However, research on network segregation with respect to sex differences and reproductive aging is lacking. The influence of menopause on the severity of functional declines in aging females is important to factor in when interrogating the origins of sex-specific differences in aging. Such insight would offer important new avenues through which age-related declines may be more effectively addressed. Given the increased incidence and severity of age-related diseases (e.g., Alzheimer’s disease) in females, this knowledge may also promote efforts in the early detection and treatment of disease progression. To address these gaps, we investigated differences in restingstate network segregation between females and males, as well as between reproductive and postmenopausal females, across several functional brain networks. We also looked at associations between network segregation and age across sexes, replicating past research (Chan et al., 2014; Cassady et al., 2019), and within females and males separately.

In the interest of evaluating both cortical and subcortical network segregation, we included ten cortical networks, as defined by Power et al. (2011), and one subcortical network, following Hausman et al. (2020). For the subcortical network, we included striatal seeds originally from Di Martino et al. (2008) and lobular cerebellar seeds that were created using the SUIT atlas (Diedrichsen, 2006; Diedrichsen et al., 2009). Striatal seeds were localized to the left hemisphere while cerebellar seeds were placed in the right hemisphere, given the known lateralization of cerebellar networks with cortical regions. These subcortical regions have reported age differences in connectivity, wherein older adults primarily show reduced resting-state connectivity relative to young adults (Hausman et al., 2020), and are implicated in both motor and cognitive function (Stoodley and Schmahmann, 2009; Stoodley et al., 2012; Helie et al., 2013; Bernard et al., 2017; King et al., 2019). As such, subcortical networks may show differences in brain organization with advanced age, potentially contributing to age-related functional declines. Therefore, to follow-up on prior work and further explore subcortical structures in the context of aging, we included this cerebellar-basal ganglia network as an additional point of comparison in our analyses.

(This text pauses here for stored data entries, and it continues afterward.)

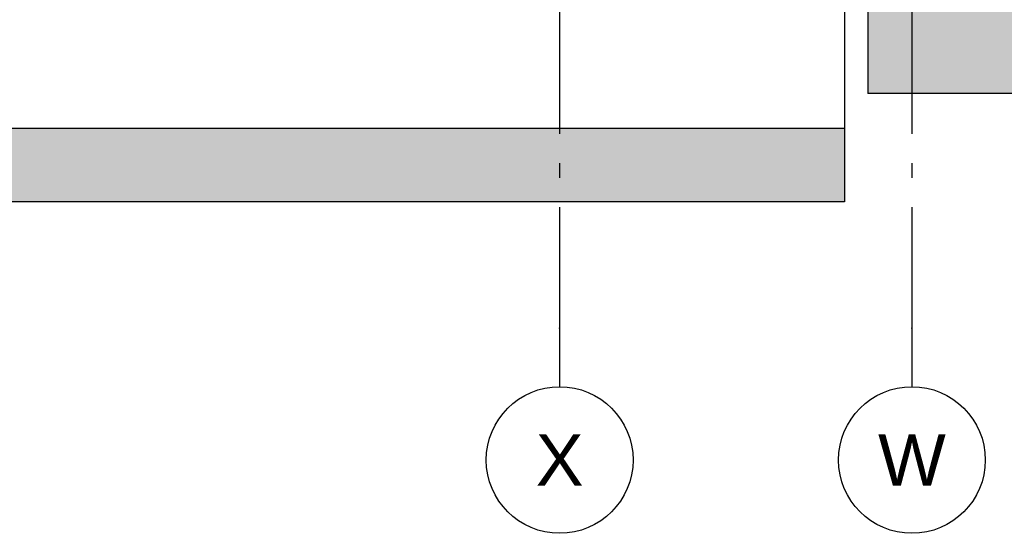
# Model space of a CAD drawing. Header units: millimetres. Extents: x -74465 to -41950, y -2141 to 15832.
# Tile 14 of 131: x -57716 to -54362, y 2020 to 3771. Entities that reach past the tile are written whole.
import ezdxf
from ezdxf.enums import TextEntityAlignment as Align

# ---------------------------------------------------------------- set-up
doc = ezdxf.new("R2010")
doc.units = ezdxf.units.MM
doc.header["$LTSCALE"] = 0.5
doc.header["$MEASUREMENT"] = 0
doc.linetypes.add('Akselinje', pattern=[1500, 1000, -200, 100, -200])
doc.linetypes.add('PLINE', pattern=[0])
for name, color, linetype in [('216- Direkte fundamentering (Skravur)(Nye konstruksjoner)', 7, 'Continuous'), ('216- Direkte fundamentering(Nye konstruksjoner)', 7, 'Continuous'), ('2311 Bærende yttervegger_ betong(Nye konstruksjoner)', 7, 'Continuous'), ('251- Frittbærende dekker', 7, 'Continuous'), ('251- Frittbærende dekker (Skravur)', 7, 'Continuous'), ('82-- Modullinjer', 7, 'Continuous')]:
    doc.layers.add(name, color=color, linetype=linetype)
doc.styles.add('GENERATED_STYLE_1', font='arial.ttf')

# ---------------------------------------------------------------- blocks, each defined once
blk = doc.blocks.new('Standard grid marker[2]', base_point=(-55876.6, 15332.1))
at = {"layer": '82-- Modullinjer', "linetype": 'Akselinje'}
for p, q in [((-55876.6, 15132.1), (-55876.6, 2720)), ((-55876.6, 2720), (-55876.6, 2520))]:
    blk.add_line(p, q, dxfattribs=at)
at = {"layer": '82-- Modullinjer', "linetype": 'PLINE'}
blk.add_circle((-55876.6, 2270), 250, dxfattribs=at)
at = {"layer": '82-- Modullinjer', "linetype": 'Akselinje'}
blk.add_point((-55876.6, 2720), dxfattribs=at)
blk.add_point((-55876.6, 2720), dxfattribs=at)
at = {"layer": '82-- Modullinjer', "style": 'GENERATED_STYLE_1'}
for tag, p in [('AC_MarkerText_1_0', (-55876.6, 15669.6)), ('AC_MarkerText_1_1', (-55876.6, 2357.5))]:
    blk.add_attdef(tag, text='', height=175, rotation=360, dxfattribs=at).set_placement(p, align=Align.TOP_CENTER)
blk = doc.blocks.new('Standard grid marker[3]', base_point=(-54676.6, 15332.1))
at = {"layer": '82-- Modullinjer', "linetype": 'Akselinje'}
for p, q in [((-54676.6, 15132.1), (-54676.6, 2720)), ((-54676.6, 2720), (-54676.6, 2520))]:
    blk.add_line(p, q, dxfattribs=at)
at = {"layer": '82-- Modullinjer', "linetype": 'PLINE'}
blk.add_circle((-54676.6, 2270), 250, dxfattribs=at)
at = {"layer": '82-- Modullinjer', "linetype": 'Akselinje'}
blk.add_point((-54676.6, 2720), dxfattribs=at)
blk.add_point((-54676.6, 2720), dxfattribs=at)
at = {"layer": '82-- Modullinjer', "style": 'GENERATED_STYLE_1'}
for tag, p in [('AC_MarkerText_1_0', (-54676.6, 15669.6)), ('AC_MarkerText_1_1', (-54676.6, 2357.5))]:
    blk.add_attdef(tag, text='', height=175, rotation=360, dxfattribs=at).set_placement(p, align=Align.TOP_CENTER)

msp = doc.modelspace()

# ---------------------------------------------------------------- hatches: boundary and pattern name
at = {"layer": '216- Direkte fundamentering (Skravur)(Nye konstruksjoner)', "linetype": 'Continuous'}
h = msp.add_hatch(dxfattribs=at)
h.set_pattern_fill('Betong_strukturell', color=256, style=0, pattern_type=2)
h.set_pattern_definition([(0, (0, 0), (0, 311.7692), [30, -150]), (0, (90, 155.9), (0, 311.7692), [30, -150]), (60, (0, 0), (-270, 155.8846), [30, -150]), (60, (180, 0), (-270, 155.8846), [30, -150]), (120, (30, 0), (270, 155.8846), [30, -150]), (120, (210, 0), (270, 155.8846), [30, -150]), (0, (0, 30), (0, 60), [0, -60, 0, -90]), (45, (30, 30), (-42.42641, 42.42641), [0, -45, 0, -75])])
h.paths.add_polyline_path([(-59151.6, 3400), (-59151.6, 3150), (-54906.6, 3150), (-54906.6, 3400)])
at = {"layer": '251- Frittbærende dekker (Skravur)', "linetype": 'Continuous'}
h = msp.add_hatch(dxfattribs=at)
h.set_pattern_fill('Prikker_tett', color=256, style=0, pattern_type=2)
h.set_pattern_definition([(0, (0, 0), (0, 43.30127), [0, -25]), (0, (12.5, 21.65), (0, 43.30127), [0, -25])])
h.paths.add_polyline_path([(-54826.6, 3820), (-54826.6, 3520), (-41949.9, 3520), (-41949.9, 3820)])

# ---------------------------------------------------------------- linework, layer by layer
at = {"layer": '216- Direkte fundamentering(Nye konstruksjoner)', "linetype": 'PLINE'}
for p, q in [((-54906.6, 3400), (-59151.6, 3400)), ((-54906.6, 3400), (-54906.6, 3150)), ((-54906.6, 3150), (-59151.6, 3150))]:
    msp.add_line(p, q, dxfattribs=at)
at = {"layer": '2311 Bærende yttervegger_ betong(Nye konstruksjoner)', "linetype": 'PLINE'}
msp.add_line((-54906.6, 6610), (-54906.6, 3400), dxfattribs=at)
at = {"layer": '251- Frittbærende dekker', "linetype": 'PLINE'}
for p in [(-54826.6, 3820), (-41949.9, 3520)]:
    msp.add_line(p, (-54826.6, 3520), dxfattribs=at)

# ---------------------------------------------------------------- block references
at = {"layer": '82-- Modullinjer', "linetype": 'PLINE'}
ref = msp.add_blockref('Standard grid marker[2]', (-55876.6, 15332.1), dxfattribs=at)
ref.add_attrib('AC_MarkerText_1_1', 'X', dxfattribs={"color": 7, "height": 175, "rotation": 360, "style": 'GENERATED_STYLE_1'}).set_placement((-55876.6, 2357.5), align=Align.TOP_CENTER)
ref = msp.add_blockref('Standard grid marker[3]', (-54676.6, 15332.1), dxfattribs=at)
ref.add_attrib('AC_MarkerText_1_1', 'W', dxfattribs={"color": 7, "height": 175, "rotation": 360, "style": 'GENERATED_STYLE_1'}).set_placement((-54676.6, 2357.5), align=Align.TOP_CENTER)

doc.saveas('drawing.dxf')

The current investigation was designed to answer several overarching questions. Question 1: Can we replicate prior findings showing reduced segregation in cortical networks with increasing age? Given that several studies have shown lower functional network segregation in advanced age (Goh, 2011; Chan et al., 2014; Geerligs et al., 2015; Setton et al., 2022), we predicted that similar age-segregation associations would be present in the current sample. Question 2: Do we see the same age-segregation relationships with subcortical structures? Considering the role of the cerebellum and basal ganglia in behaviors associated with age-related declines (Stoodley and Schmahmann, 2009; Stoodley et al., 2012; Helie et al., 2013; Bernard et al., 2017; King et al., 2019), we anticipated that reduced network segregation with increased age would also emerge within this subcortical network. Question 3: Do patterns of network segregation declines with age differ between females and males? As females generally experience heavier burdens with older age (Wolfson et al., 1994; Gao et al., 1998; Alzheimer’s Association, 2021; Levine et al., 2021), we predicted that reduced network segregation would be more pronounced in females, relative to males. Question 4: Does reproductive stage play a role in potential sex differences with agesegregation relationships? With the benefits of sex hormones in mind (Duka et al., 2000; Jacobs and D’Esposito, 2011; Singh and Su, 2013; Hara et al., 2015), we expected to see greater differences in network segregation between female reproductive stages, as related to hormone loss with menopause, compared to age-matched male controls. These questions are revisited when discussing the present findings.

Materials and Methods

Study Sample

Data was accessed through the Cambridge Centre for Ageing and Neuroscience (Cam-CAN) repository (Shafto et al., 2014; Taylor et al., 2017). Data for this repository was gathered from a large sample of healthy adults, ranging from 18 to 88 years of age. We used raw structural and resting-state magnetic resonance imaging (MRI) data, along with demographic variables including sex, age, and menstrual cycle characteristics. We initially acquired data for 652 participants; however, 54 of those participants were excluded for being left-handed or for lacking handedness data. Handedness was assessed using the Edinburgh Handedness Inventory (Oldfield, 1971). This exclusionary criterion was applied to avoid the potential influence of brain organization differences between left-handed and right-handed individuals (Levy and Reid, 1978; Li et al., 2014). Additional individuals were excluded due to MRI data discrepancies, such as missing resting-state scans (n = 4), significant motion artifacts that could not be corrected during image preprocessing (n = 1), and lack of full resting-state volumes (n = 3). As a result, our initial sample consisted of 590 right-handed participants (297 females).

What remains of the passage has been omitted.